Clóvis Roberto Zimmermann

06 / 2008

Analistas nacionais e internacionais comungam entre si o pressuposto de que, nas sociedades modernas, não há razões para questionar a existência das políticas públicas sociais e dos programas de transferência de renda (1). Pesquisas empíricas têm comprovado que quanto mais desenvolvidos, industrializados e maior a renda per capita dos países, maiores são os investimentos em políticas sociais e programas de transferência de renda e, por conseguinte, menores os índices de desigualdade e pobreza (Ullrich, 2005).

No Brasil, o Programa Bolsa Família (PBF) tornou-se importante instrumento de combate à fome, cuja proposta vem sendo amplamente elogiada por cientistas sociais e por diversos meios de comunicação em âmbito nacional e internacional. Em recente comunicado de abril de 2008, o Conselho de Direitos Humanos das Nações Unidas (ONU) elogiou o PBF por ser uma proposta que tem conseguido atacar um problema antigo no Brasil – a fome. Outros estudos realizados destacam que o programa representa um apoio significativo, garantindo alimentação mínima a muitas famílias pobres (Weissheimer, 2006). Na análise de Maria Ozanira Silva e Silva, Maria Carmelita Yazbek e Geraldo di Giovanni, o PBF possui um significado real para os(as) beneficiados(as), uma vez que, para essas famílias, o programa é a única possibilidade de obtenção de uma renda (Silva e Silva; Yazbec; Giovanni, 2004, p. 212).
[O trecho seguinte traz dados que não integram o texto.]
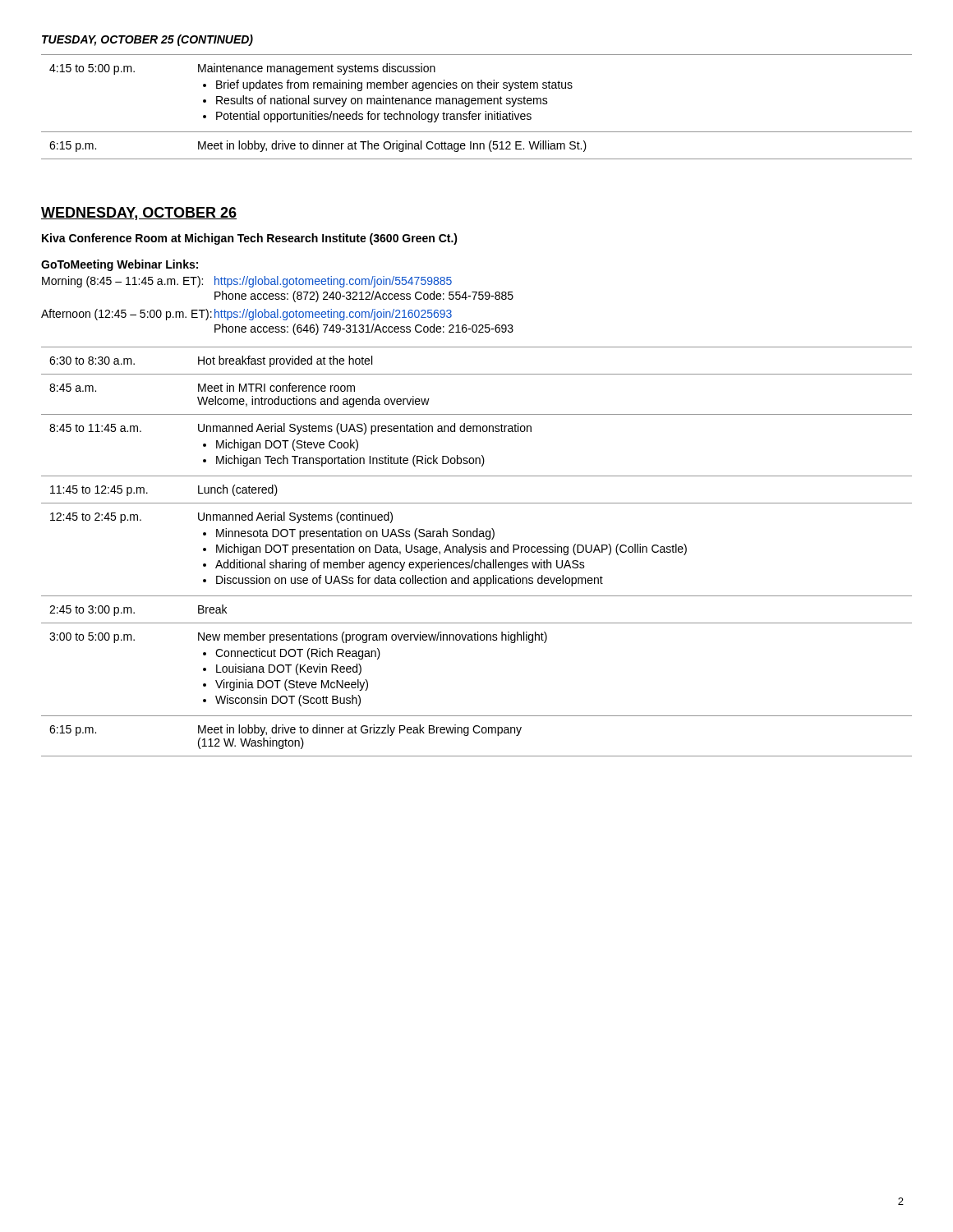The width and height of the screenshot is (953, 1232).
Task: Locate the table with the text "4:15 to 5:00 p.m."
Action: [x=476, y=107]
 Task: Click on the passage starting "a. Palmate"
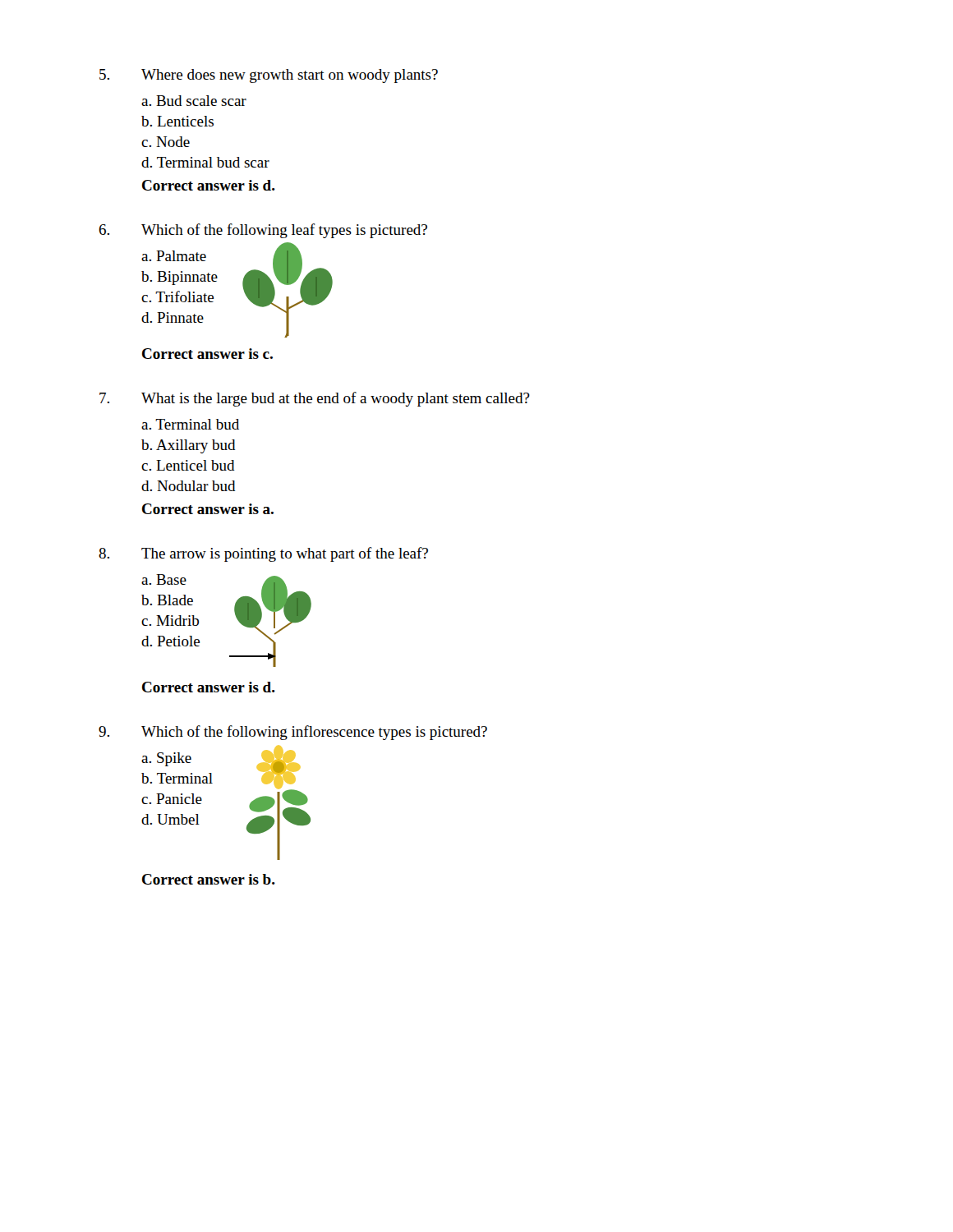pyautogui.click(x=174, y=256)

No que tange à quantidade de pessoas beneficiadas e à qualidade do benefício, o PBF constitui-se, de fato, um avanço com relação aos programas que o antecederam. Todavia, ao analisá-lo sob a perspectiva dos direitos humanos, o programa ainda apresenta uma série de limites. Nesse ensaio, serão enfatizados quatro pontos que merecem reflexão crítica (2).

Além dos números

A maior debilidade do PBF (3) dá-se pelo fato de o programa não ser baseado na concepção de direitos, haja vista que o acesso não é garantido de forma incondicional aos sujeitos de direito. Em outros termos, o PBF não garante o acesso irrestrito ao benefício, já que existe uma determinação da quantidade de famílias (estimativa de pobres) a serem beneficiadas em cada município. Essa limitação ocorre em virtude de o governo federal estabelecer, em cada município, um número máximo de famílias a serem contempladas (4).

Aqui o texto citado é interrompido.